Дверь в комнату приоткрылась, и в щель просунулась белобрысая голова. Из-за длинной челки не было видно глаз. Медсестра повернулась. Ее голос потеплел.
– Алечка, иди в мою комнату.
Алевтина исчезла. Тотчас из-за двери донесся ее крик: «Я тебя ненавижу!» Медсестра извинилась и быстро вышла в коридор. Платон Степанович вышел за ней.
Садовник, отец Али, распространяя запах перегара на весь коридор, говорил дочери:
– Я на тебя заявление напишу! Ты меня ударила!
Медсестра встала между ними:
– Идите к себе, вас не приглашали в дом.
– А ты здесь не хозяйка! – заявил садовник.
– Вы пьяны, и я позову охрану.
Отец Али посмотрел на Смородину, по всей видимости, опознал в нем человека из касты господ и гордо удалился. Медсестра повернулась к Платону Степановичу. Она больше не выглядела железной леди, скорее наоборот.
– Извините, что вам пришлось это увидеть… Алечка, иди… – Она снова обратилась к Смородине: – Когда была жива хозяйка, он сунуться сюда не смел. Скорей бы уже Лена приехала и поставила его на место.
Татьяна
Татьяна была похожа на больную птицу. Согласно досье Вениамина, она жила на окраине Москвы со своей матерью и с маленькой дочкой. Работала фрилансером, бралась за любую работу. Восемь лет назад у нее вышли две книги, но ни денег, ни славы они не принесли. Суетливая, крупная, с пышной грудью и вертлявой головой. Она долго отказывалась приезжать, мотивируя это тем, что никаких вещей в доме у нее не осталось. Но миньоны Александра оказались убедительны. Она вошла в библиотеку, где ее ждал Смородина, держа в руке зубную щетку. Было что-то театральное в этой убогости, в этой показной беззащитности.

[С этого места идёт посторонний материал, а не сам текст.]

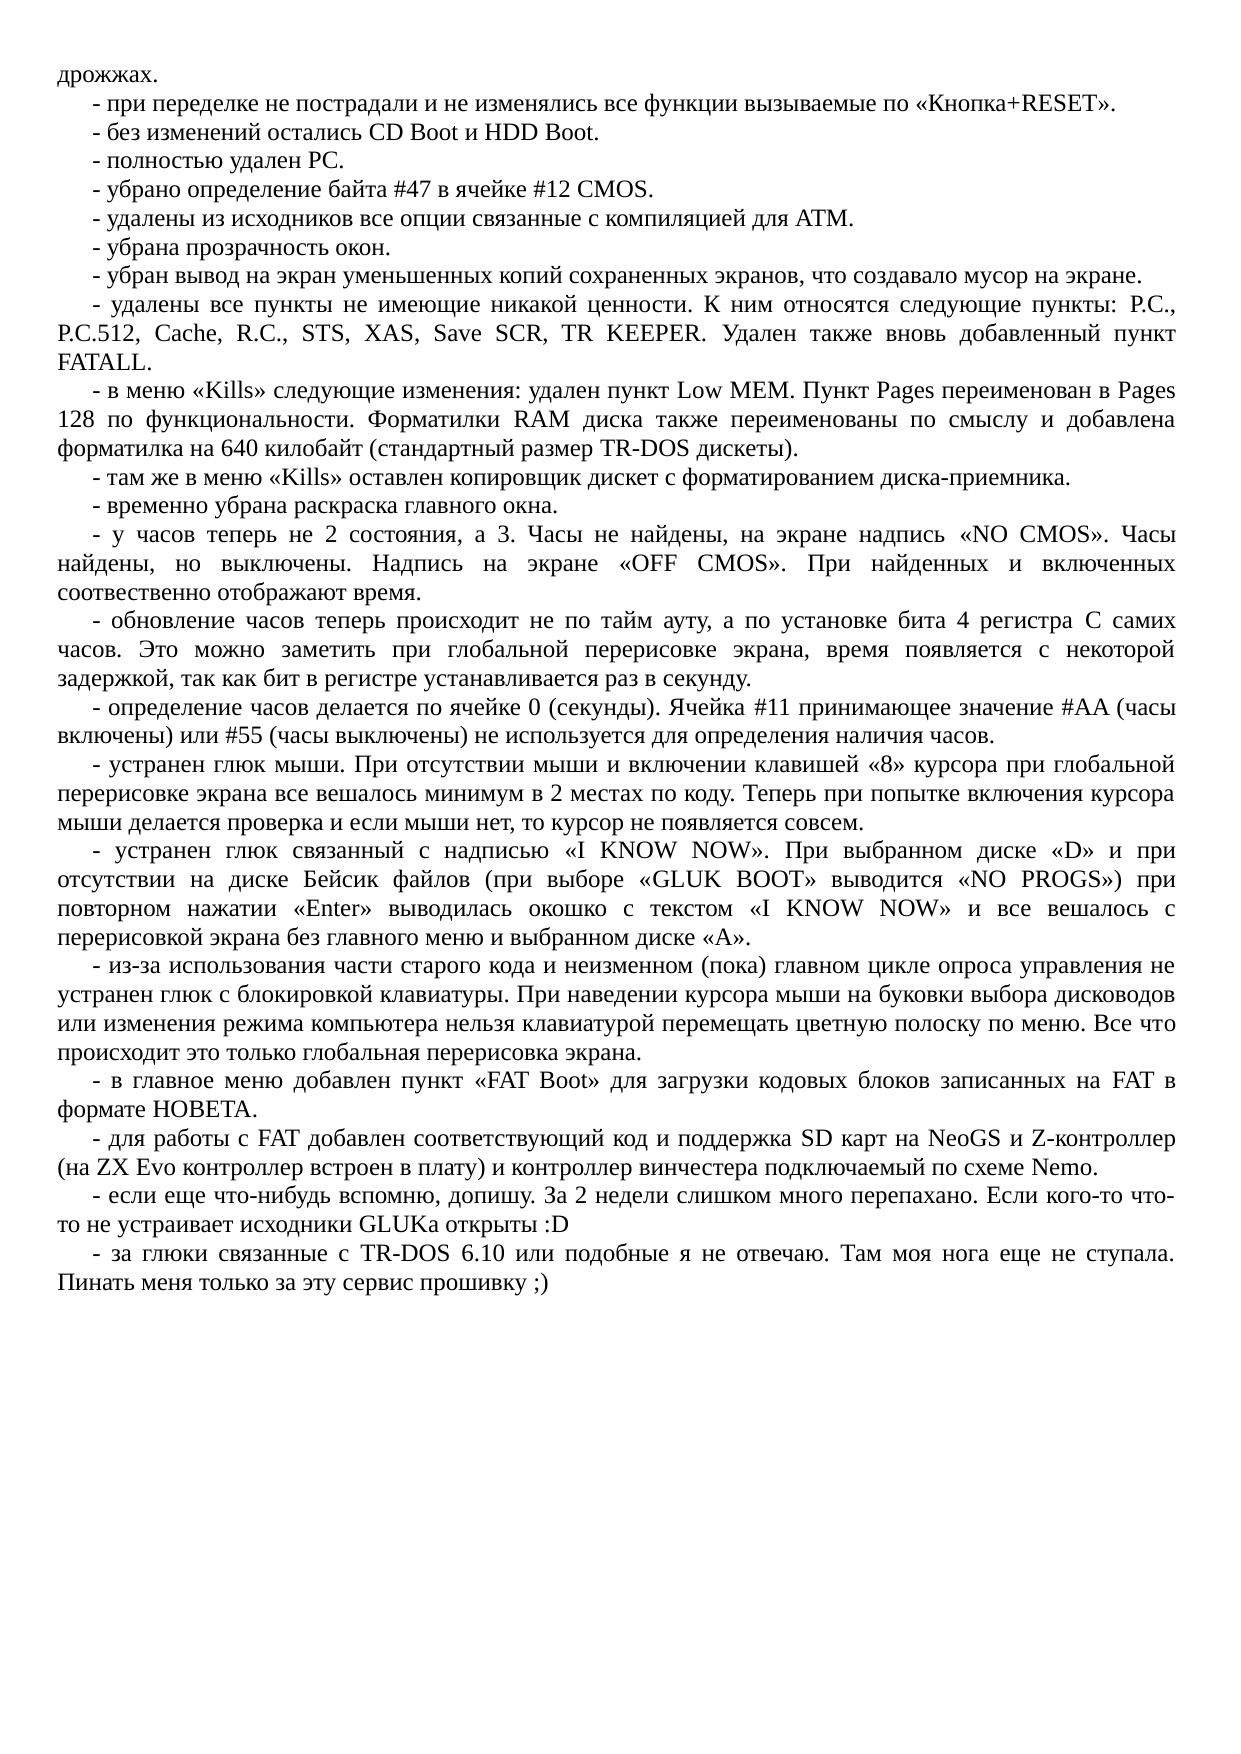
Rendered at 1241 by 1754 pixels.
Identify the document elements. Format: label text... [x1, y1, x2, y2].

text - при переделке не пострадали и не изменялись все функции вызываемые по «Кнопка+RESET». [57, 88, 1176, 117]
text дрожжах. [57, 59, 1176, 88]
text - временно убрана раскраска главного окна. [57, 491, 1176, 519]
text - для работы с FAT добавлен соответствующий код и поддержка SD карт на NeoGS и Z-контроллер (на ZX Evo контроллер встроен в плату) и контроллер винчестера подключаемый по схеме Nemo. [57, 1123, 1176, 1181]
text - убран вывод на экран уменьшенных копий сохраненных экранов, что создавало мусор на экране. [57, 261, 1176, 289]
text - убрано определение байта #47 в ячейке #12 CMOS. [57, 174, 1176, 203]
text - в главное меню добавлен пункт «FAT Boot» для загрузки кодовых блоков записанных на FAT в формате HOBETA. [57, 1066, 1176, 1123]
text - определение часов делается по ячейке 0 (секунды). Ячейка #11 принимающее значение #AA (часы включены) или #55 (часы выключены) не используется для определения наличия часов. [57, 692, 1176, 749]
text - если еще что-нибудь вспомню, допишу. За 2 недели слишком много перепахано. Если кого-то что-то не устраивает исходники GLUKа открыты :D [57, 1181, 1176, 1238]
text - удалены из исходников все опции связанные с компиляцией для АТМ. [57, 203, 1176, 232]
text - без изменений остались CD Boot и HDD Boot. [57, 117, 1176, 146]
text - у часов теперь не 2 состояния, а 3. Часы не найдены, на экране надпись «NO CMOS». Часы найдены, но выключены. Надпись на экране «OFF CMOS». При найденных и включенных соотвественно отображают время. [57, 519, 1176, 606]
text - обновление часов теперь происходит не по тайм ауту, а по установке бита 4 регистра C самих часов. Это можно заметить при глобальной перерисовке экрана, время появляется с некоторой задержкой, так как бит в регистре устанавливается раз в секунду. [57, 606, 1176, 692]
text - там же в меню «Kills» оставлен копировщик дискет с форматированием диска-приемника. [57, 462, 1176, 491]
text - полностью удален PC. [57, 146, 1176, 174]
text - устранен глюк связанный с надписью «I KNOW NOW». При выбранном диске «D» и при отсутствии на диске Бейсик файлов (при выборе «GLUK BOOT» выводится «NO PROGS») при повторном нажатии «Enter» выводилась окошко с текстом «I KNOW NOW» и все вешалось с перерисовкой экрана без главного меню и выбранном диске «A». [57, 836, 1176, 951]
text - устранен глюк мыши. При отсутствии мыши и включении клавишей «8» курсора при глобальной перерисовке экрана все вешалось минимум в 2 местах по коду. Теперь при попытке включения курсора мыши делается проверка и если мыши нет, то курсор не появляется совсем. [57, 749, 1176, 836]
text - из-за использования части старого кода и неизменном (пока) главном цикле опроса управления не устранен глюк с блокировкой клавиатуры. При наведении курсора мыши на буковки выбора дисководов или изменения режима компьютера нельзя клавиатурой перемещать цветную полоску по меню. Все что происходит это только глобальная перерисовка экрана. [57, 951, 1176, 1066]
text - убрана прозрачность окон. [57, 232, 1176, 261]
text - в меню «Kills» следующие изменения: удален пункт Low MEM. Пункт Pages переименован в Pages 128 по функциональности. Форматилки RAM диска также переименованы по смыслу и добавлена форматилка на 640 килобайт (стандартный размер TR-DOS дискеты). [57, 376, 1176, 462]
text - за глюки связанные с TR-DOS 6.10 или подобные я не отвечаю. Там моя нога еще не ступала. Пинать меня только за эту сервис прошивку ;) [57, 1238, 1176, 1296]
text - удалены все пункты не имеющие никакой ценности. К ним относятся следующие пункты: P.C., P.C.512, Cache, R.C., STS, XAS, Save SCR, TR KEEPER. Удален также вновь добавленный пункт FATALL. [57, 289, 1176, 376]

– Я не имел удовольствия читать ваши книги.
– Кто сказал, что это доставит вам удовольствие?
– Я так понял, что вы были близки с Ольгой?
– Она приглашала меня на праздники.
– Это было профессиональное общение?
– Да, обсуждали выставки.
– Наверное, у вас было много общего? Вы ведь тоже писали книги.
– А вы со всеми адвокатами дружите?
Смородина улыбнулся.
– Можете рассказать про последнюю книгу, над которой Ольга работала?
Он ощутил, как Таня сжалась. По ее телу он мог читать если не мысли, то чувства. Если у нее была бы возможность, она бы стукнула его этой щеткой. Наконец она придумала ответ.
– Мы обсуждали книги, только когда были вдвоем… Нет, она не любила говорить о планах. Боялась сглазить.